Markets steady as investors weigh inflation, GDP, and earnings signals
U.S. equities edged higher in a volatile session Tuesday as investors positioned ahead of a dense macro calendar later this week. The Nasdaq Composite rose 0.1%, recovering from an early drop of more than 1%, while the S&P 500 and Dow Jones Industrial Average also gained about 0.1%.
Markets entered the week following their worst performance of 2026, when renewed concerns about AI-driven disruption weighed on software and IT services stocks. Those fears resurfaced even after softer inflation data and a stronger-than-expected January jobs report last week, suggesting sentiment remains fragile despite supportive macro signals.
Large-cap tech performance was mixed. Apple (AAPL) climbed 3.2% on reports it is accelerating work on AI-powered wearables, leading the Magnificent Seven. Nvidia (NVDA) and Amazon (AMZN) rebounded about 1%, while Tesla (TSLA), Alphabet (GOOG), and Microsoft (MSFT) fell more than 1%. Meta (META) edged slightly lower, reinforcing the pattern of selective positioning within mega-cap tech rather than broad risk-off rotation.
Outside tech, Paramount Skydance jumped 5% after Warner Bros. Discovery resumed acquisition talks, while WBD rose nearly 3%. Netflix (NFLX) added modestly, reflecting continued consolidation themes in streaming and media.
The 10-year Treasury yield rose to 4.07%, signaling slightly firmer rate expectations ahead of key economic data. Commodities weakened, with gold down 3% and silver sliding nearly 6%, while bitcoin drifted toward $67,700.

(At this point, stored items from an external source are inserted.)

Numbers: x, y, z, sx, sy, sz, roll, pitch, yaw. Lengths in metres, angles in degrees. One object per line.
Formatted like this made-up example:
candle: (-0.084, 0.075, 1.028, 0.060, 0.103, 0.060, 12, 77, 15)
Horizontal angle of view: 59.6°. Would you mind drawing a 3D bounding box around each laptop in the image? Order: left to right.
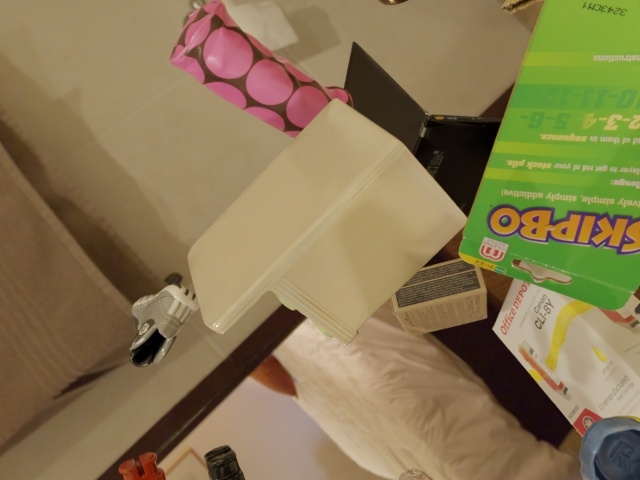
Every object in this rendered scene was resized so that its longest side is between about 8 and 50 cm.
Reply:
laptop: (0.259, -0.259, 1.402, 0.407, 0.237, 0.382, 1, 150, -6)

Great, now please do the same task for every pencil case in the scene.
pencil case: (-0.063, -0.187, 0.636, 0.209, 0.098, 0.095, 28, 146, -35)

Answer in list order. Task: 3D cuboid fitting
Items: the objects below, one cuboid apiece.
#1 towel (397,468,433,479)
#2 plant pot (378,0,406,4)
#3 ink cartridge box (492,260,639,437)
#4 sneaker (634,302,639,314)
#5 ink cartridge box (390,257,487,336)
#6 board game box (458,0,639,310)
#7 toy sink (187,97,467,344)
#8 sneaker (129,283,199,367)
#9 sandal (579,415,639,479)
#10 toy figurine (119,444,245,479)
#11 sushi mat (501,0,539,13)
towel: (0.083, 0.401, 0.409, 0.053, 0.332, 0.317, -20, 95, 26)
plant pot: (0.121, -0.577, 1.056, 0.215, 0.215, 0.230, 29, 165, 40)
ink cartridge box: (0.588, 0.234, 1.239, 0.385, 0.160, 0.279, 56, 156, 38)
sneaker: (0.583, 0.065, 0.884, 0.131, 0.350, 0.148, 22, 162, -31)
ink cartridge box: (0.261, 0.127, 1.227, 0.235, 0.193, 0.088, 54, -156, -64)
board game box: (0.176, -0.068, 0.340, 0.124, 0.039, 0.260, 20, 131, 14)
toy sink: (0.000, 0.000, 0.563, 0.131, 0.234, 0.153, 41, -173, -32)
sneaker: (-0.303, 0.164, 0.976, 0.086, 0.132, 0.228, 36, 141, -16)
sandal: (0.368, 0.268, 0.519, 0.138, 0.126, 0.317, 33, 176, -37)
toy figurine: (-0.189, 0.360, 0.667, 0.213, 0.209, 0.148, -22, -82, -71)
sushi mat: (0.424, -0.492, 0.901, 0.019, 0.317, 0.151, 45, 158, -28)
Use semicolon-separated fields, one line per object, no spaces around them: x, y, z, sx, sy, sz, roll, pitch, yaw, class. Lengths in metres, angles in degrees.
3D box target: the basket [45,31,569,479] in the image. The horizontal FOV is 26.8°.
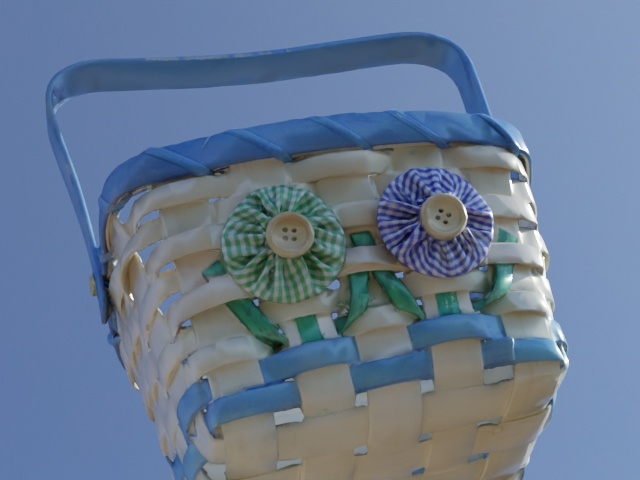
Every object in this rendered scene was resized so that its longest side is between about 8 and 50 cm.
0.000;0.000;0.720;0.255;0.289;0.201;-10;-41;-15;basket
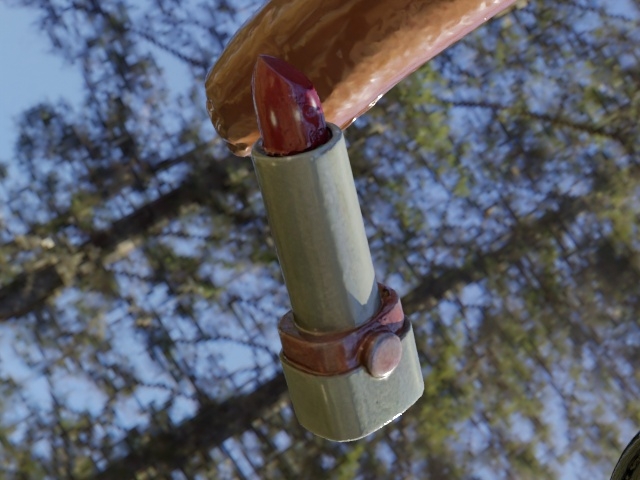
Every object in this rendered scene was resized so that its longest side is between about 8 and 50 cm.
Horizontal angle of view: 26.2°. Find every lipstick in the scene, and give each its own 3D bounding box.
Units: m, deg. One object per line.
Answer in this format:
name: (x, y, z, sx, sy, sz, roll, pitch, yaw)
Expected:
lipstick: (0.001, 0.000, 0.635, 0.057, 0.063, 0.186, 19, -48, 47)

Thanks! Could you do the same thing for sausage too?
sausage: (0.109, -0.181, 0.749, 0.094, 0.419, 0.094, 49, 14, -30)

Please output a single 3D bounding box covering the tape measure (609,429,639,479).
tape measure: (0.128, 0.082, 0.406, 0.091, 0.054, 0.094, 43, -72, 46)

Attention now turns to Friday’s PCE inflation report and Q4 GDP release, both of which could reshape expectations for Federal Reserve policy and market direction into March.
Market Wrap

Analyst Notes

Market Highlights
Palo Alto Networks Builds Visibility on Enterprise AI Security Demand
Palo Alto Networks (PANW) projected fiscal 2026 revenue of $11.28B–$11.31B and next-generation security ARR up to $8.62B, reinforcing confidence that enterprise demand for cybersecurity platforms remains strong as AI adoption accelerates. Management pointed to multiple large contracts exceeding $40M–$50M, particularly from global enterprises transitioning from pilot AI programs to full-scale deployment.

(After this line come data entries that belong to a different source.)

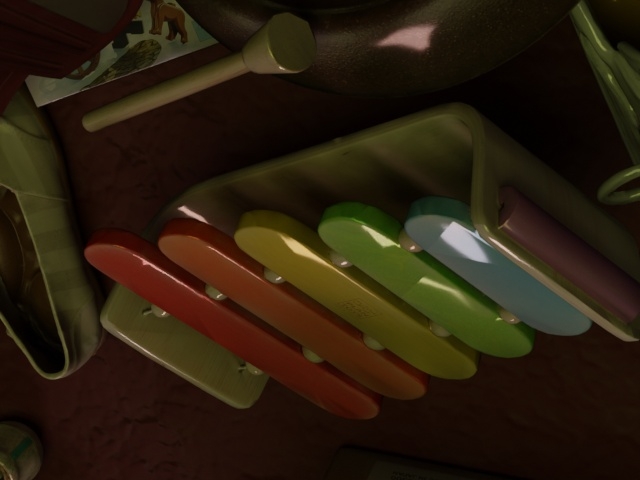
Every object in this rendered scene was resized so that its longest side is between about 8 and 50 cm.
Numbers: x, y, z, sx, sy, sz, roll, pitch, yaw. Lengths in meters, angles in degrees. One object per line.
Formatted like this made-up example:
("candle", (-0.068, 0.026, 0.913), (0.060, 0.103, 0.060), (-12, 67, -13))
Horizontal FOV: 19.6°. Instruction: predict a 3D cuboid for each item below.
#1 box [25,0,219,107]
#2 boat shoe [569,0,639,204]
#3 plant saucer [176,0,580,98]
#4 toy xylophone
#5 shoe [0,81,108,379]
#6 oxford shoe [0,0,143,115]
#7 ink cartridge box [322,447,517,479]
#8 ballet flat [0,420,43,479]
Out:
("box", (-0.082, -0.182, 0.994), (0.233, 0.044, 0.159), (-17, 107, 23))
("boat shoe", (0.187, -0.085, 0.892), (0.136, 0.156, 0.367), (-22, 105, 24))
("plant saucer", (0.008, -0.218, 0.857), (0.310, 0.050, 0.310), (7, 103, 31))
("toy xylophone", (0.000, 0.000, 0.947), (0.236, 0.081, 0.323), (30, 151, -23))
("shoe", (-0.184, -0.018, 1.088), (0.076, 0.058, 0.219), (-16, 107, 22))
("oxford shoe", (-0.229, -0.118, 1.001), (0.348, 0.123, 0.130), (-26, 68, 33))
("ink cartridge box", (0.093, 0.215, 1.031), (0.235, 0.193, 0.088), (9, 115, 12))
("ballet flat", (-0.243, 0.172, 1.193), (0.057, 0.052, 0.168), (44, 118, -5))

The company emphasized a structural shift in corporate priorities, from experimenting with AI tools to implementing governance and control frameworks. That transition is driving demand for integrated platforms that secure networks, endpoints, cloud systems, browsers, and AI agents simultaneously. Strong growth in SASE ARR and software firewall subscriptions suggests recurring revenue visibility is improving alongside enterprise adoption cycles.
Cadence Signals Structural Growth from AI Chip Design Cycle
Cadence (CDNS) reported a record backlog of $7.8B and guided 2026 revenue to $5.9B–$6B, supported by rising adoption of AI-driven semiconductor design tools. Management highlighted productivity gains of up to 7–10× for customers using AI-enabled design workflows, accelerating product development timelines and deepening customer reliance on its software ecosystem.
Strategic partnerships with major semiconductor players including Qualcomm, Samsung Foundry, Intel Foundry, and hyperscaler customers reinforce Cadence’s positioning as a core infrastructure provider in the AI hardware stack. Recurring software revenue returning to double-digit growth further strengthens earnings visibility, while expanding hardware demand indicates broader capital spending momentum across chip design and manufacturing.
Eli Lilly Expands Pipeline Optionality Through Targeted Licensing Deal
Eli Lilly (LLY) agreed to pay $100M upfront to license additional indications for CSL’s antibody drug clazakizumab, which targets inflammatory pathways linked to multiple chronic conditions. The therapy is already in late-stage development for cardiovascular risk reduction in kidney disease patients, while CSL retains rights for that original indication.
The structure of the deal allows Lilly to broaden its immunology portfolio without assuming full development risk, as milestone payments and royalties are tied to successful approvals. For investors, the move signals continued strategic emphasis on targeted pipeline expansion rather than large-scale acquisitions, a strategy that can preserve capital flexibility while still supporting long-term growth visibility.
Earnings Watch

Markets are stabilizing but remain tactical as investors balance AI-driven sector rotation, earnings signals, and incoming macro data. With inflation and GDP reports approaching, positioning suggests traders are preparing for volatility rather than committing to a single directional view.